LAN’s colorful prison in Nanterre is still a prison

Decreasing the distance between the city and the prison is the aim of the French studio, which has completed a monolithic complex in the northwest periphery of Paris.

“Prisons are spaces that architects have abandoned a bit, among the typologies,” says Umberto Napolitano, co-founder of LAN - Local Architecture Network. The Parisian firm has completed the Nanterre prison, a detention facility that rethinks the institution and its relationship with the city around it, with a new “minimum security zone” that allows inmates to participate in reintegration programs outside of prison.

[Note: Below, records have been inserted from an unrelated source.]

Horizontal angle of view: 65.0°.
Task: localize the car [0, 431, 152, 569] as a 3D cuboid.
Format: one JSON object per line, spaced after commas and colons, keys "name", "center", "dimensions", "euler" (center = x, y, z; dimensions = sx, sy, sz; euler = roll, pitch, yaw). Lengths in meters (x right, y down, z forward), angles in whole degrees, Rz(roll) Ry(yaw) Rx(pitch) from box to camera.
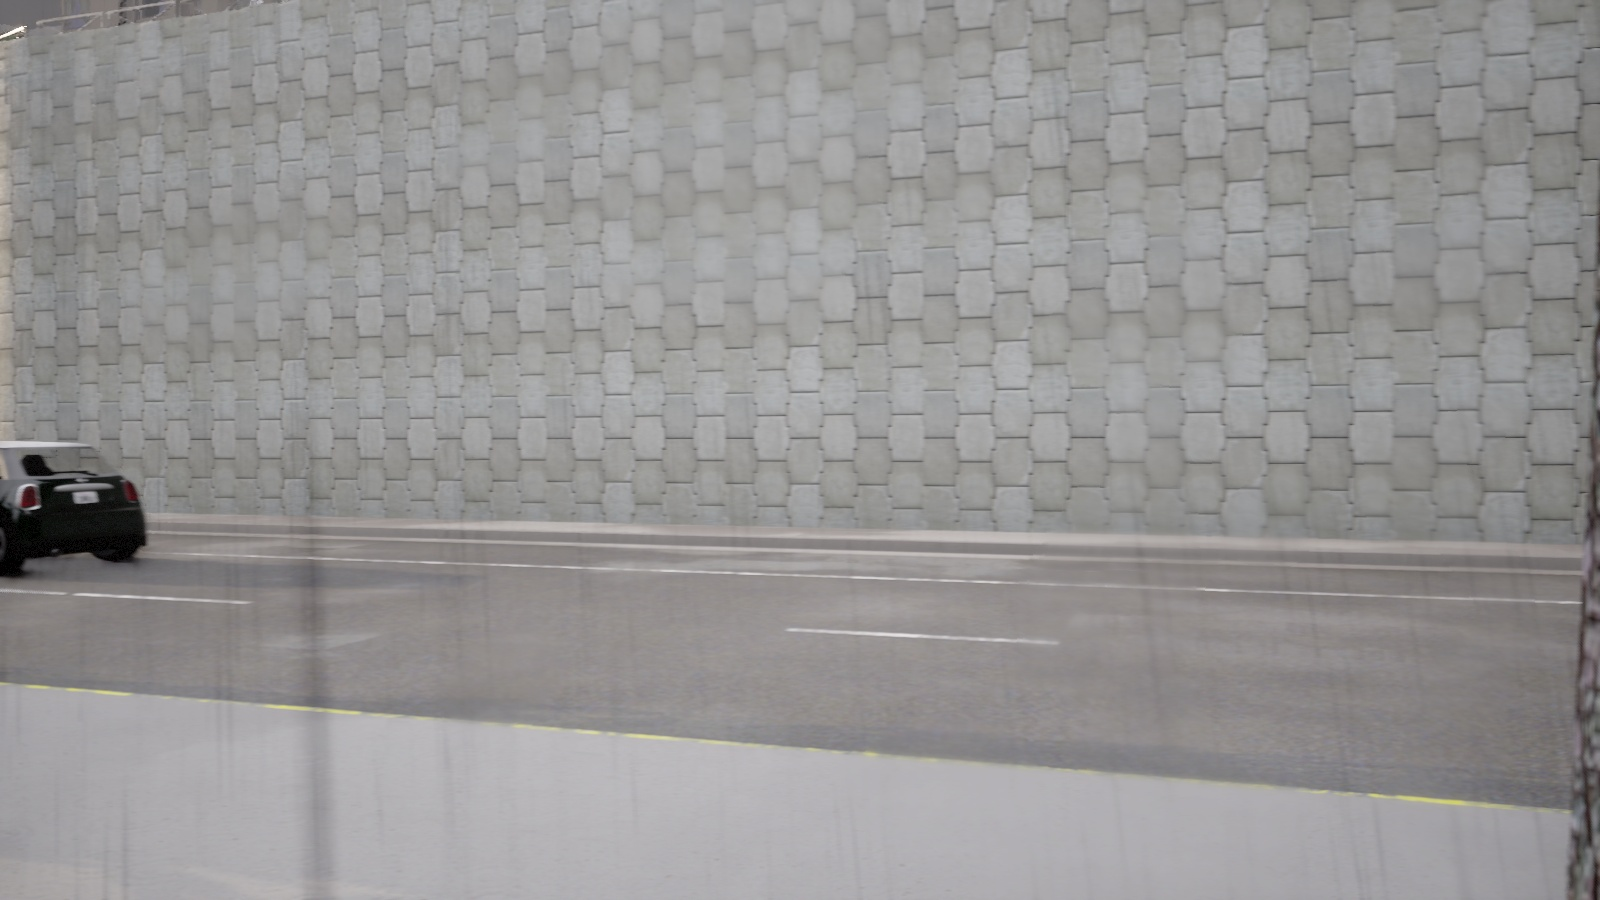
{"name": "car", "center": [-10.032, 0.514, 15.004], "dimensions": [3.806, 1.475, 1.970], "euler": [1, 1, 19]}
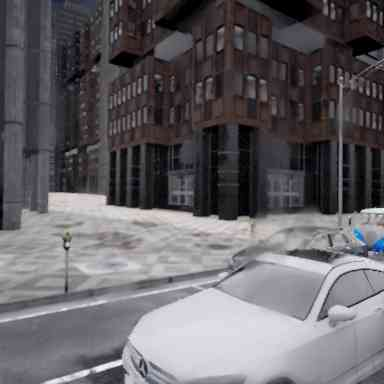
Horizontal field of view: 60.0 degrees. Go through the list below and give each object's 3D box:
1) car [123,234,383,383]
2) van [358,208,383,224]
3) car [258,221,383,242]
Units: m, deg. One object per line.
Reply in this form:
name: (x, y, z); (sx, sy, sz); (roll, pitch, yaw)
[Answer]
car: (1.426, 1.560, 4.390); (4.674, 1.442, 1.812); (1, 0, -35)
van: (7.417, 1.465, 11.924); (3.998, 1.788, 1.690); (1, 0, -35)
car: (2.913, 1.621, 8.720); (4.403, 1.369, 2.008); (1, 0, -35)
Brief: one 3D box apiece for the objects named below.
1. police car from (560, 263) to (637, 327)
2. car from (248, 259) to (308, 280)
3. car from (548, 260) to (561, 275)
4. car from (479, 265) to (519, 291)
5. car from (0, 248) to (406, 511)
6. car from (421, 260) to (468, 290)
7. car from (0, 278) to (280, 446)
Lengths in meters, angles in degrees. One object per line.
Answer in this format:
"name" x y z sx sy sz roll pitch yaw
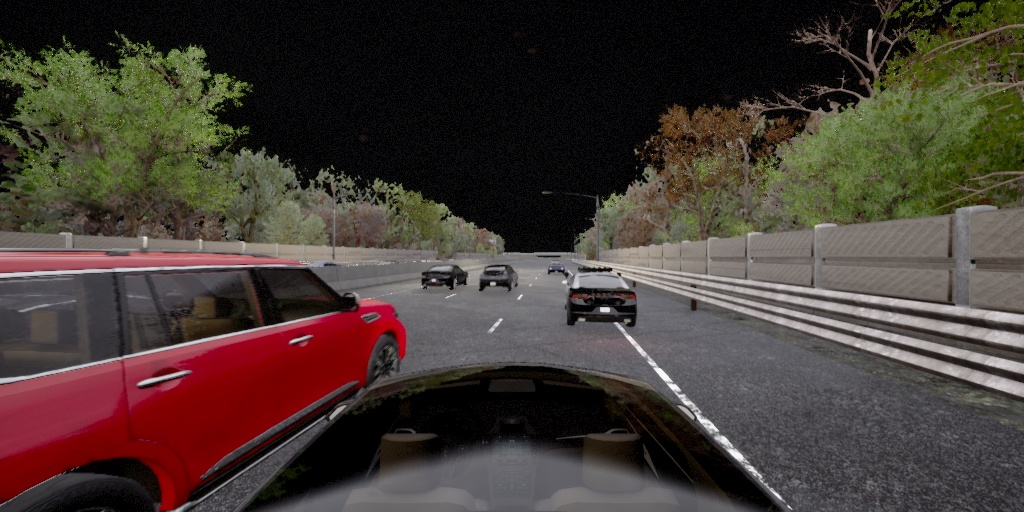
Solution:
"police car" 2.704 1.182 11.786 1.930 1.638 5.238 0 0 7
"car" -20.831 1.124 32.238 2.097 1.767 4.553 0 0 7
"car" 4.995 1.383 40.255 1.895 1.301 4.718 0 0 7
"car" -0.730 1.269 21.907 1.837 1.490 4.892 0 0 7
"car" -2.977 0.972 3.300 2.150 2.045 5.566 0 0 7
"car" -4.140 1.243 22.844 1.882 1.535 5.008 0 0 7
"car" -6.266 1.242 5.299 2.128 1.511 4.902 0 0 7
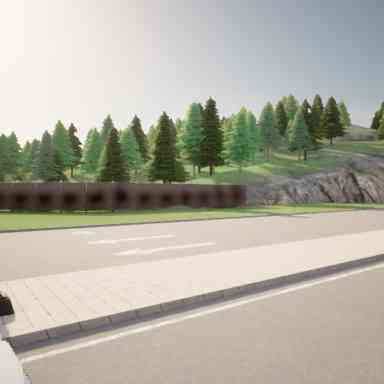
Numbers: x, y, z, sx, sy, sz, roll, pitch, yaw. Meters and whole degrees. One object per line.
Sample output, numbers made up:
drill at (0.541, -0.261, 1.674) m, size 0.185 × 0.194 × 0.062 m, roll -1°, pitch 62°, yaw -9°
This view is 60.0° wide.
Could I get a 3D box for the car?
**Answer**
car at (-3.237, 1.601, 1.450) m, size 4.718 × 1.301 × 1.895 m, roll 0°, pitch 0°, yaw -35°
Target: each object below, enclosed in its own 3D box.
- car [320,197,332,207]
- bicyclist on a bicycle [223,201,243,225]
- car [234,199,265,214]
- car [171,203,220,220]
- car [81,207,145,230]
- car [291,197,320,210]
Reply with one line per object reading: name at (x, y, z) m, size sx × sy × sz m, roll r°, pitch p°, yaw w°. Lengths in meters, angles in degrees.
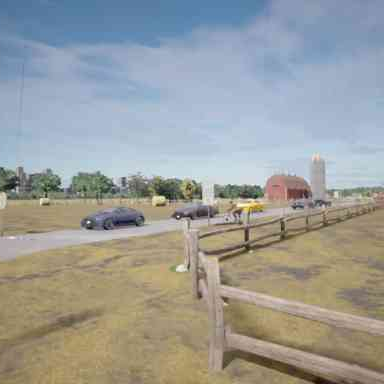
car at (20.611, 1.593, 52.421) m, size 1.837 × 1.490 × 4.892 m, roll -2°, pitch -2°, yaw 36°
bicyclist on a bicycle at (2.759, 1.401, 22.117) m, size 1.656 × 1.620 × 0.582 m, roll 0°, pitch 0°, yaw 36°
car at (6.502, 1.580, 37.602) m, size 1.882 × 1.535 × 5.008 m, roll -2°, pitch -1°, yaw 36°
car at (0.429, 1.636, 29.138) m, size 2.033 × 1.411 × 5.357 m, roll -2°, pitch -1°, yaw 36°
car at (-5.018, 1.639, 21.521) m, size 1.994 × 1.385 × 4.181 m, roll -2°, pitch -1°, yaw 36°
car at (14.879, 1.587, 44.326) m, size 2.033 × 1.411 × 5.357 m, roll -2°, pitch -1°, yaw 36°

LAN – Local Architecture Network, prison in Nanterre, France, 2019

LAN’s proposal was built after passing a competition: “It was an architecture contest to which we gave a very radical response thinking we could never win. And instead we won it and since then we had to revise everything because that prison was a sort of utopia: the limit between the prison and the city is not manifested, while usually the jail is an object with a belt, with a wall. So it was really complex.”

In recent weeks the project has been well received by most of the information, even critical voices have been heard, such as that of the Parisian architect and publisher Leopold Lambert, who in June 2018 wrote on the pages of The Architectural Review: “A prison cell should appear as what it is: the forceful immurement of bodies radically excluded from society and radically included within architecture by judicial authorities”.

LAN – Local Architecture Network, prison in Nanterre, France, 2019

The intentions of the project are to make imprisonment less radical, integrating the complex into the urban fabric of Nanterre through three strategies: facades instead of walls (on two sides of the plot), a more fluid passage between inside and outside, distribution of volume that links the various scales. Despite this, the building is necessarily introverted, mute on the ground floor and with 89 cells looking towards the central courtyard. The section overlooking the street is – obviously – occupied by the institute’s offices. From the outside Nanterre prison looks like a severe monolith that does not hide its nature, despite the contemporary architectural language. The barriers remain, the barbed wire as well.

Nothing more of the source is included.